To make it easier to identify related changes the concept of changesets is introduced. Every modification of the standard OSM elements has to reference an open changeset. A changeset may contain tags just like the other elements. A recommended tag for changesets is the key comment=* with a short human readable description of the changes being made in that changeset, similar to a commit message in a revision control system. A new changeset can be opened at any time and a changeset may be referenced from multiple API calls. Because of this it can be closed manually as the server can't know when one changeset ends and another should begin.

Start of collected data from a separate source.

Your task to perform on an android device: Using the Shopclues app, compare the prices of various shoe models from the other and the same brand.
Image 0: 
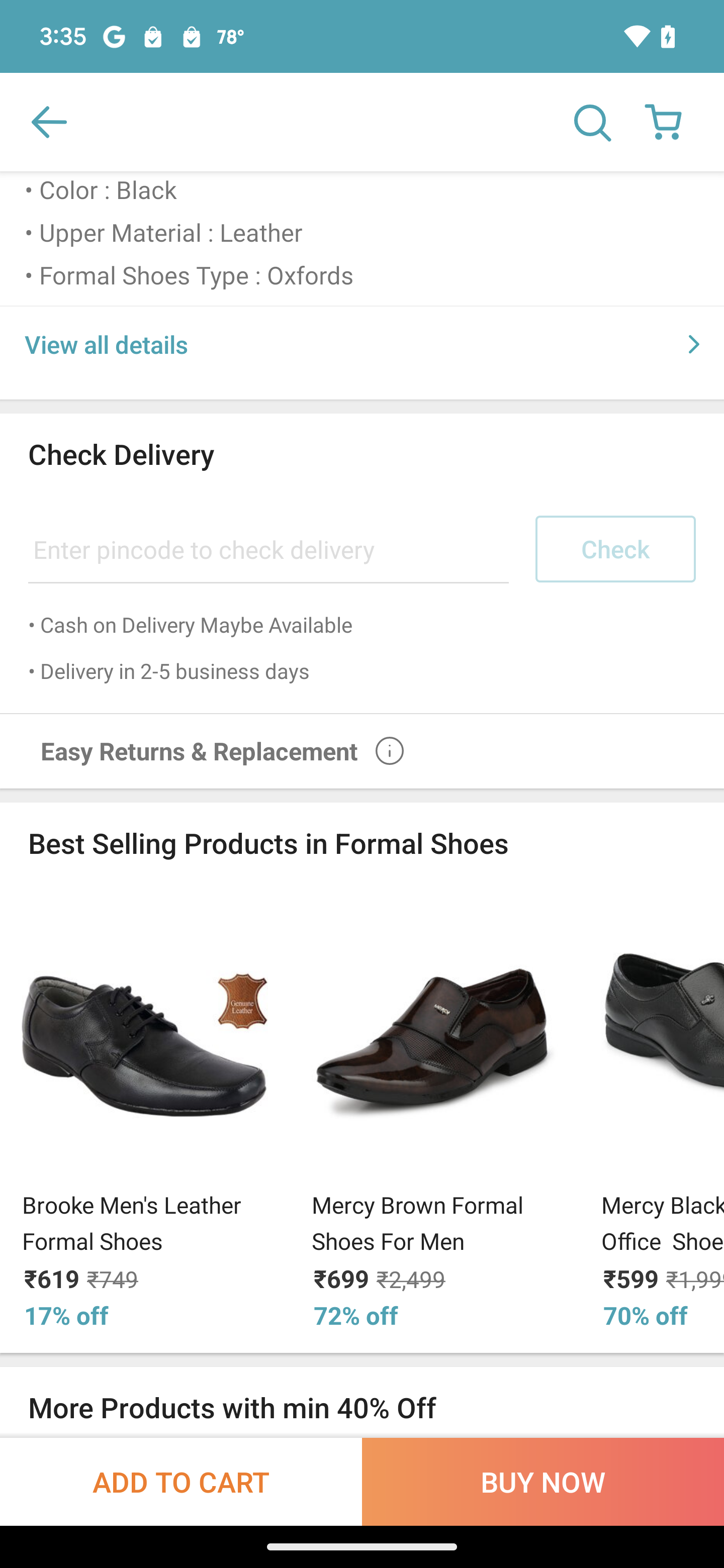
Swipe towards the left to view the more shoes and compare the price 
Step 0: scroll right
Image 1: 
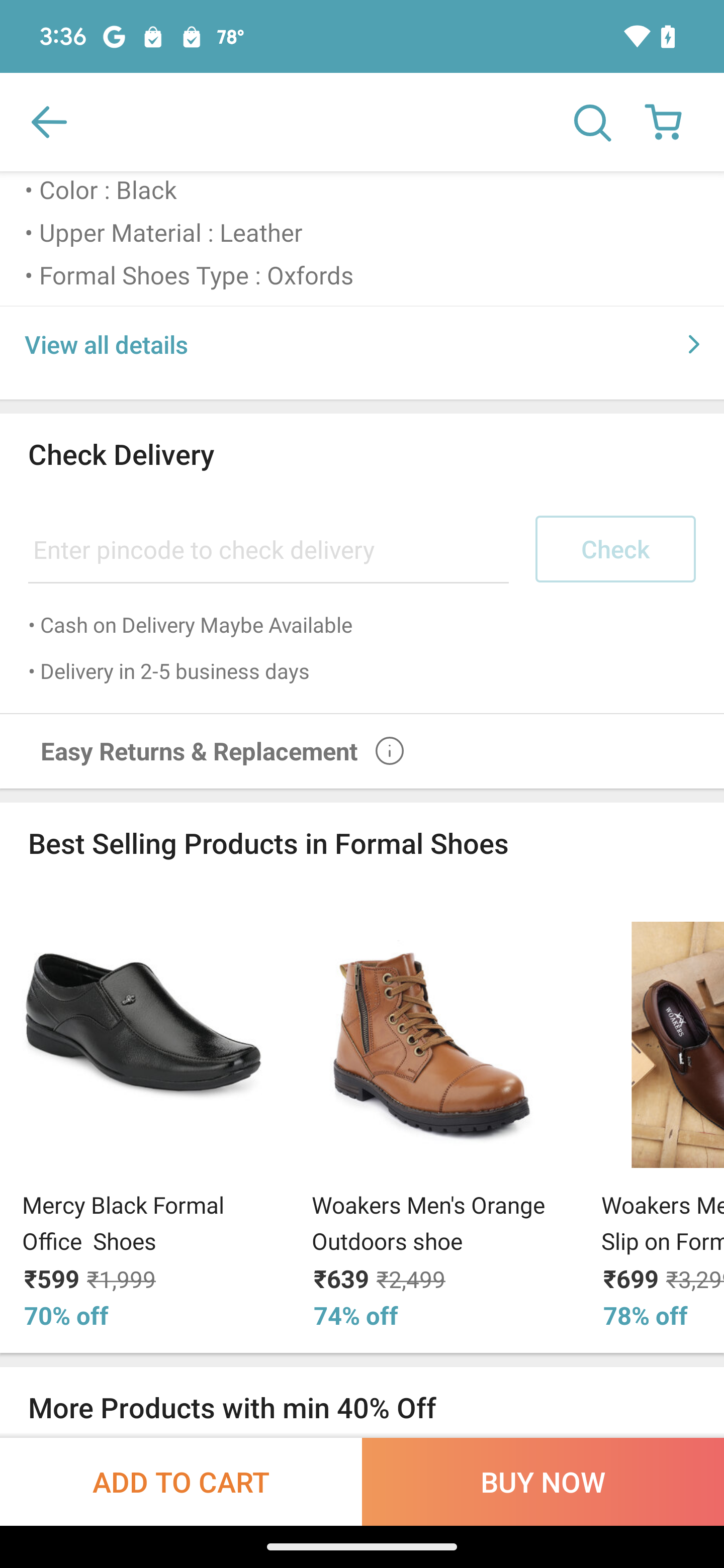
Swipe towards the left to view the more shoes and compare the price 
Step 1: scroll right
Image 2: 
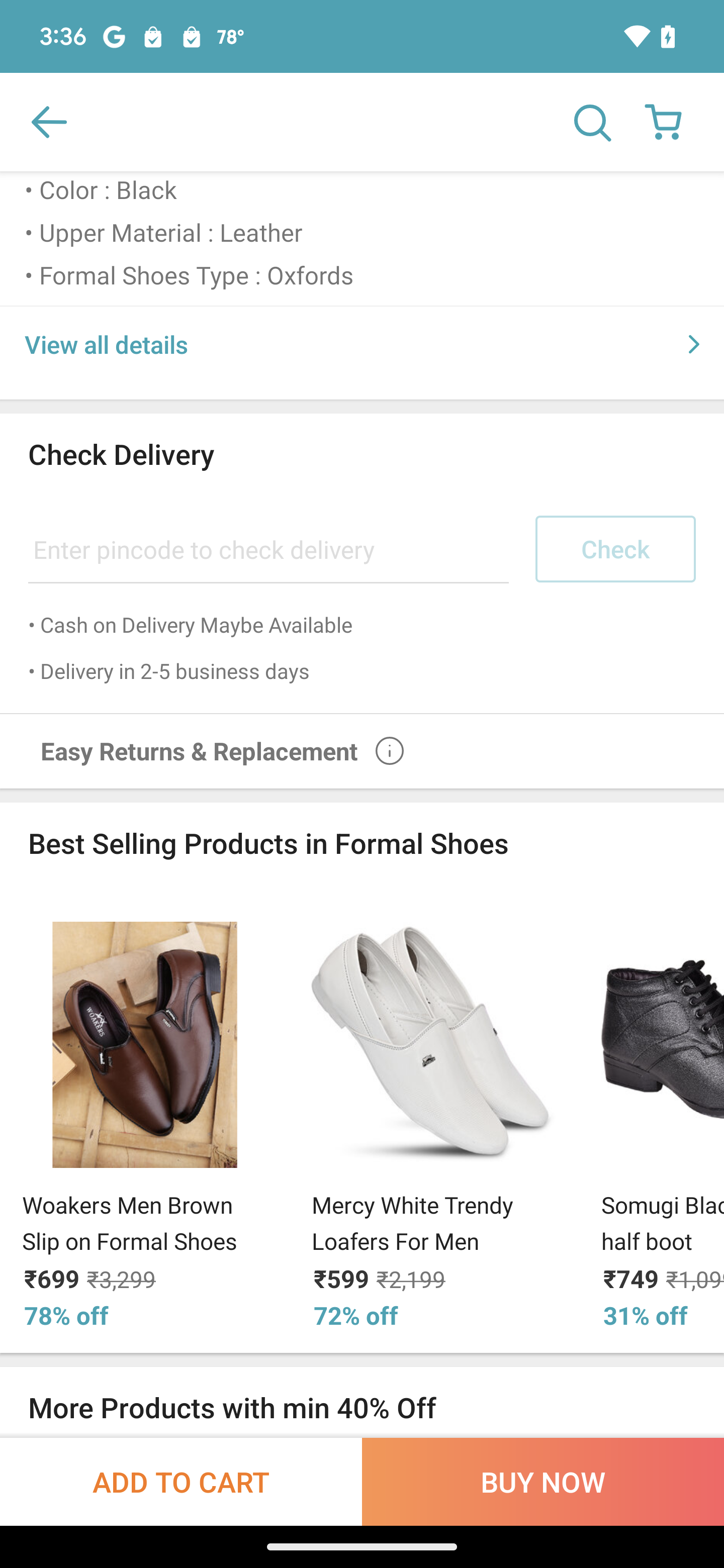
Swipe towards the left to view the more shoes and compare the price 
Step 2: scroll right

To avoid stale open changesets a mechanism is implemented to automatically close changesets upon one of the following three conditions:

  • 10,000 edits on a single changeset (see the capabilities endpoint for specific limits)
  • The changeset has been open for more than 24 hours
  • There have been no changes/API calls related to a changeset in 1 hour (i.e. idle timeout)

Note that some older changesets may contain slightly more than 10k (or previously 50k) changes due to some glitches in the API.

Changesets are specifically not atomic - elements added within a changeset will be visible to other users before the changeset is closed. Given how many changes might be uploaded in one step it's not feasible. Instead optimistic locking is used as described above. Anything submitted to the server in a single request will be considered atomically. To achieve transactionality for multiple changes there is the new diff upload API call.

Changesets facilitate the implementation of rollbacks. By providing insight into the changes committed by a single person it becomes easier to identify the changes made, rather than just rolling back a whole region. Direct support for rollback will not be in the API, instead they will be a form of reverse merging, where client can download the changeset, examine the changes and then manipulate the API to obtain the desired results. Rolling back a changeset can be be an extremely complex process especially if the rollback conflicts with other changes made in the mean time; we expect (hope) that in time, expert applications will be created that make rollback on various levels available to the average user.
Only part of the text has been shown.